How can companies learn from competitors’ R&D failures?
New research shows how firms can better evaluate responses to a competitor’s loss.
By Zach Church |
March 20, 2017
When a pharmaceutical company abandons a drug in development, its competitors are more likely to abandon projects using similar technology than ones in similar markets. But those sort of stay-or-leave decisions could be better evaluated, MIT Sloan PhD student Joshua Krieger shows in new research.
Krieger won the 2017 MIT Sloan thesis prize for showing how firms learn from and respond to competitor research and development failures. His paper, “Trials and Terminations: Learning from Competitors’ R&D Failures [PDF],”examines how news of failed phase II clinical trials affects the pharmaceutical industry. Krieger determined that firms are more likely to abandon a project if it employs a similar technology as the failed drug than if it is in the same market. Drugs that use the same technology and are in the same market are more than twice as likely to be abandoned after news of a competitor’s failure.

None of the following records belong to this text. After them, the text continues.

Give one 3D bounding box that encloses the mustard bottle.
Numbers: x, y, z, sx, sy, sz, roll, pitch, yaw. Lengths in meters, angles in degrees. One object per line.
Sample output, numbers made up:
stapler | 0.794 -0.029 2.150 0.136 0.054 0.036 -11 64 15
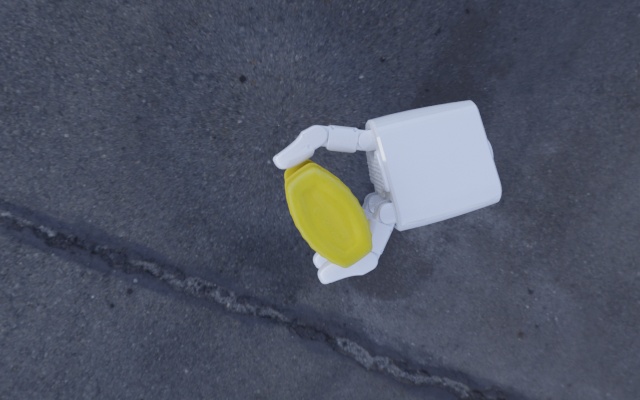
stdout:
mustard bottle | 0.000 0.002 0.501 0.058 0.096 0.191 -37 10 1
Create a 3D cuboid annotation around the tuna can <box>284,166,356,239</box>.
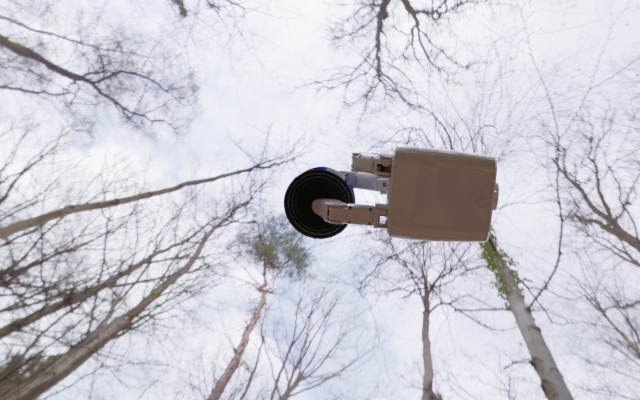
[{"bbox_3d":[0.000,0.002,0.586,0.086,0.086,0.033,0,12,9],"label":"tuna can"}]
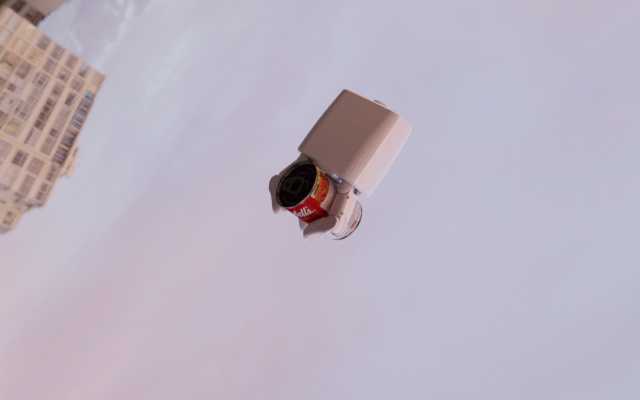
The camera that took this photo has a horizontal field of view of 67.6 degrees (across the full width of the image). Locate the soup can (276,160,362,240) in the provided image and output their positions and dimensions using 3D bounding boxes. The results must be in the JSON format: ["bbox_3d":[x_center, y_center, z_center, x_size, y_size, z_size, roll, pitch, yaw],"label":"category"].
[{"bbox_3d":[0.000,0.003,0.627,0.068,0.068,0.102,0,-27,44],"label":"soup can"}]
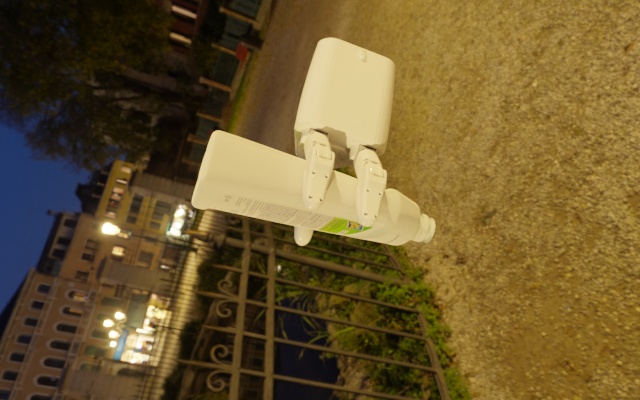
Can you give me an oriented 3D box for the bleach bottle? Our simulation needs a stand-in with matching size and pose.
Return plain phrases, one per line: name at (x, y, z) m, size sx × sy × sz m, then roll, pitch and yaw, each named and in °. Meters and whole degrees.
bleach bottle at (0.000, 0.002, 0.499) m, size 0.251 × 0.068 × 0.102 m, roll 16°, pitch -17°, yaw -16°
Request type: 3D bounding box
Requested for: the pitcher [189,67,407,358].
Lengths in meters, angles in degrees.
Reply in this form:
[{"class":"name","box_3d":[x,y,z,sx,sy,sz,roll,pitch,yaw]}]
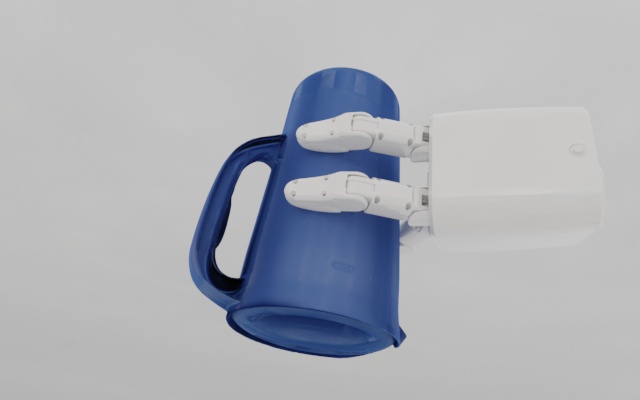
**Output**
[{"class":"pitcher","box_3d":[0.000,0.001,0.414,0.145,0.242,0.149,-3,-32,19]}]
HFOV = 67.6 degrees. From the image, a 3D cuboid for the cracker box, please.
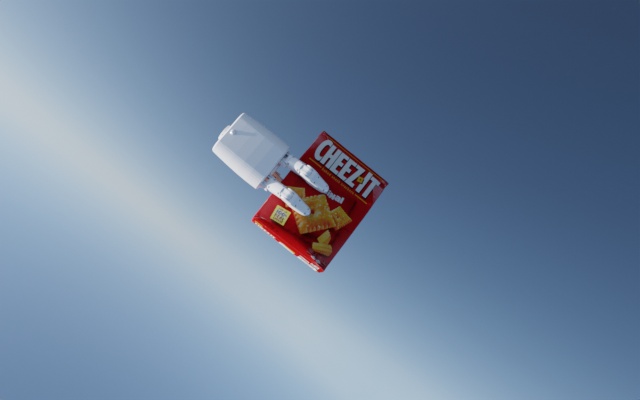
[{"bbox_3d":[0.000,0.003,0.900,0.164,0.213,0.072,39,-13,-4],"label":"cracker box"}]
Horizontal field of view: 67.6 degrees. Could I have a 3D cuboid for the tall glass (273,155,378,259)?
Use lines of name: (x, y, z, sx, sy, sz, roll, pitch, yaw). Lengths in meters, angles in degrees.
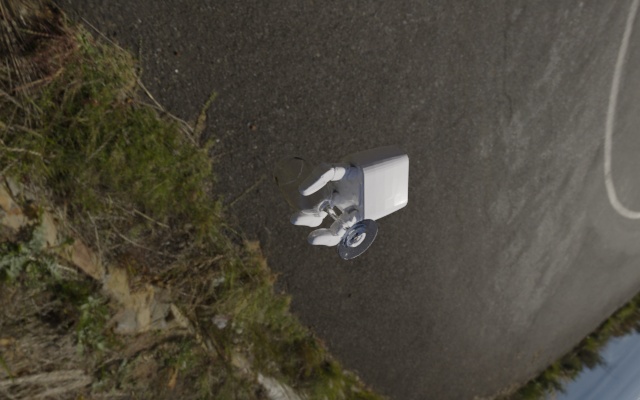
tall glass: (0.000, 0.003, 0.765, 0.079, 0.079, 0.201, 0, 34, -43)
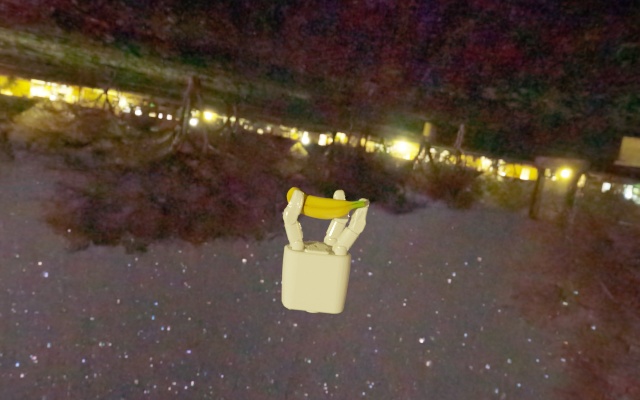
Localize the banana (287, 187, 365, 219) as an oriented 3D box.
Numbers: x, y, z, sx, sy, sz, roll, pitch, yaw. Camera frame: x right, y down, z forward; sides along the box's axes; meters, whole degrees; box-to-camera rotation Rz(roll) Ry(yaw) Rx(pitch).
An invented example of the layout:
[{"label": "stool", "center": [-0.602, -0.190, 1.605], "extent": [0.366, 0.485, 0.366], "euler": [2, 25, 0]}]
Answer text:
[{"label": "banana", "center": [-0.012, 0.005, 0.854], "extent": [0.069, 0.037, 0.198], "euler": [-7, 14, -39]}]
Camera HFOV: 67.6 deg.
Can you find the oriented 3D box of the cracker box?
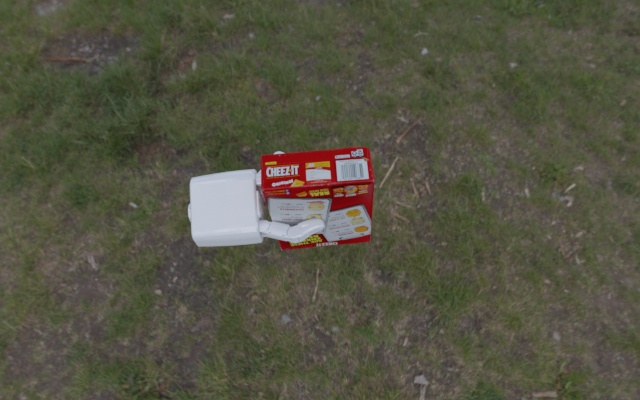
[{"bbox_3d":[0.000,0.003,0.779,0.164,0.072,0.214,-5,-29,1],"label":"cracker box"}]
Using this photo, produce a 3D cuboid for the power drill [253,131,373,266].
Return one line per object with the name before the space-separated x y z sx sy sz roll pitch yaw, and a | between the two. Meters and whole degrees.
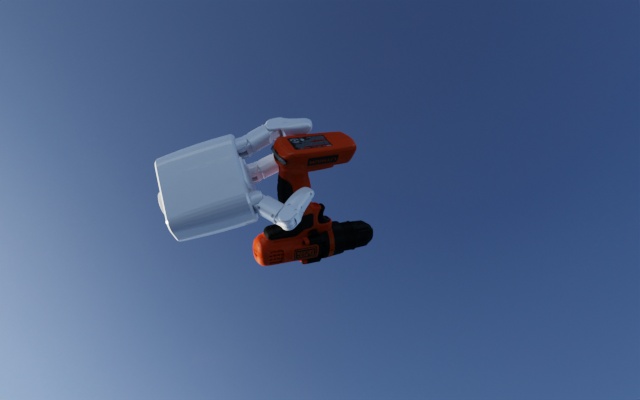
power drill | 0.000 0.002 0.658 0.184 0.188 0.057 -9 33 -24
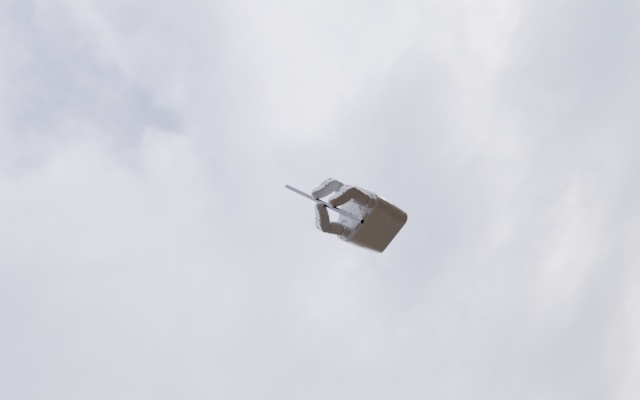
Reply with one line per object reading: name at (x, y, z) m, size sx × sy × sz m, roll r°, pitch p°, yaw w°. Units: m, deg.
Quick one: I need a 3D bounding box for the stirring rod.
stirring rod at (0.000, 0.003, 0.887) m, size 0.011 × 0.011 × 0.239 m, roll 0°, pitch 15°, yaw -37°
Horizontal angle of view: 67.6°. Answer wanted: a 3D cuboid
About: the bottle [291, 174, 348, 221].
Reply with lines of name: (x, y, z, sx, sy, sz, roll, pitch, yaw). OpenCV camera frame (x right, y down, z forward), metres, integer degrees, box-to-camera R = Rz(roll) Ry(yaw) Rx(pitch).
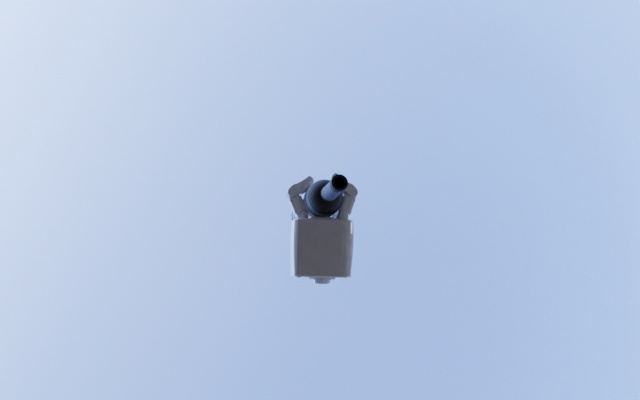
bottle: (0.000, 0.003, 0.897, 0.069, 0.069, 0.296, 0, -12, -12)
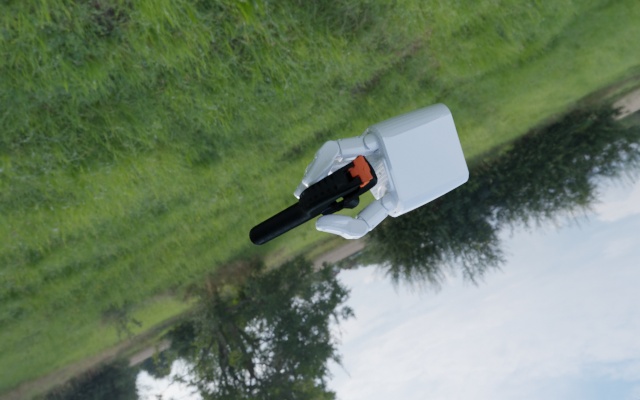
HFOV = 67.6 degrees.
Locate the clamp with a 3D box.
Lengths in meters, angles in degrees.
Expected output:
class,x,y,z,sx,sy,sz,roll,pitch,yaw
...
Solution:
class,x,y,z,sx,sy,sz,roll,pitch,yaw
clamp,0.001,0.002,0.561,0.164,0.036,0.210,-23,-8,-18
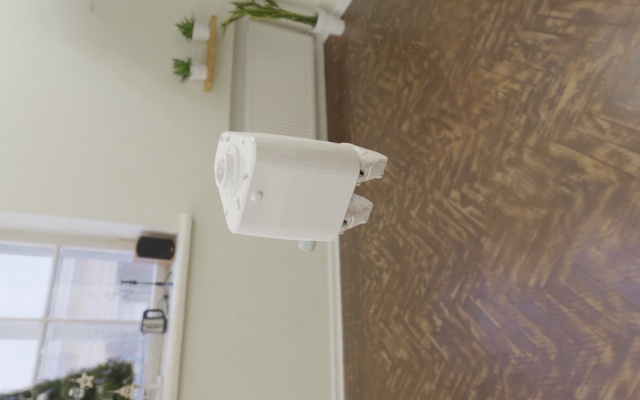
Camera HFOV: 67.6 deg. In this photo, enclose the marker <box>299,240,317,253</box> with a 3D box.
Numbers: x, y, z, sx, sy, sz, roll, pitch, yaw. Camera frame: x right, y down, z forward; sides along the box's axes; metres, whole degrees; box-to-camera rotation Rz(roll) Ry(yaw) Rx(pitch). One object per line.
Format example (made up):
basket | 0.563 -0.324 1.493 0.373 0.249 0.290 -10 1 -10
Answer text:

As part of his work, Krieger developed an evaluation system to grade a firm’s decision to continue with or abandon a project after receiving word of a competitor’s failure. He said that system offers evidence that firms could better evaluate their own decisions and develop strategic plans for responding to the failure of a competitor’s drug. While he writes that the system is “inherently crude,” Krieger argues it can be used to examine if some characteristics of a firm or project correlate “with overall patterns of good or bad decision-making.”
How ratings websites can build user trust
To build trust, rating platforms and websites should institute longer “quiet periods” where aggregate ratings are not shown to users, and should periodically reset ratings, new research from PhD student Tristan Botelho suggests.
Botelho earned second place for his paper, “From Audience to Evaluator: The Effect of Social Influence, Status, and Expertise in Evaluation Processes.” The paper examines how an existing online rating influences new ratings for the same business, service, or candidate. Botelho found that items with high or low early ratings are likely to continue to receive similar ratings. Raters, he said, conform to the norm.
The research has implications for online rating platforms seeking to build customer trust, Botelho said. Longer quiet periods and occasional resets of ratings can both help ensure more accurate ratings, he said.
“What does a Yelp rating for a restaurant mean 20 years later?” Botelho asked.
Krieger received $3,000 for first place. Botelho received $2,000 for second place. The pair presented their work March 17 on campus to a panel of three judges: Lynn Lei Li, PhD ’12, Ramana Nanda, PhD ’07, and Nell Putnam-Farr, PhD ’15.
Other PhD candidates presenting research at the event were Leon Valdes Saavedra, who presented “Supply Chain Visibility and Social Responsibility,” and Ben Yost, with “Locked-in: The Effect of CEOs’ Capital Gains Taxes on Corporate Risk Taking.”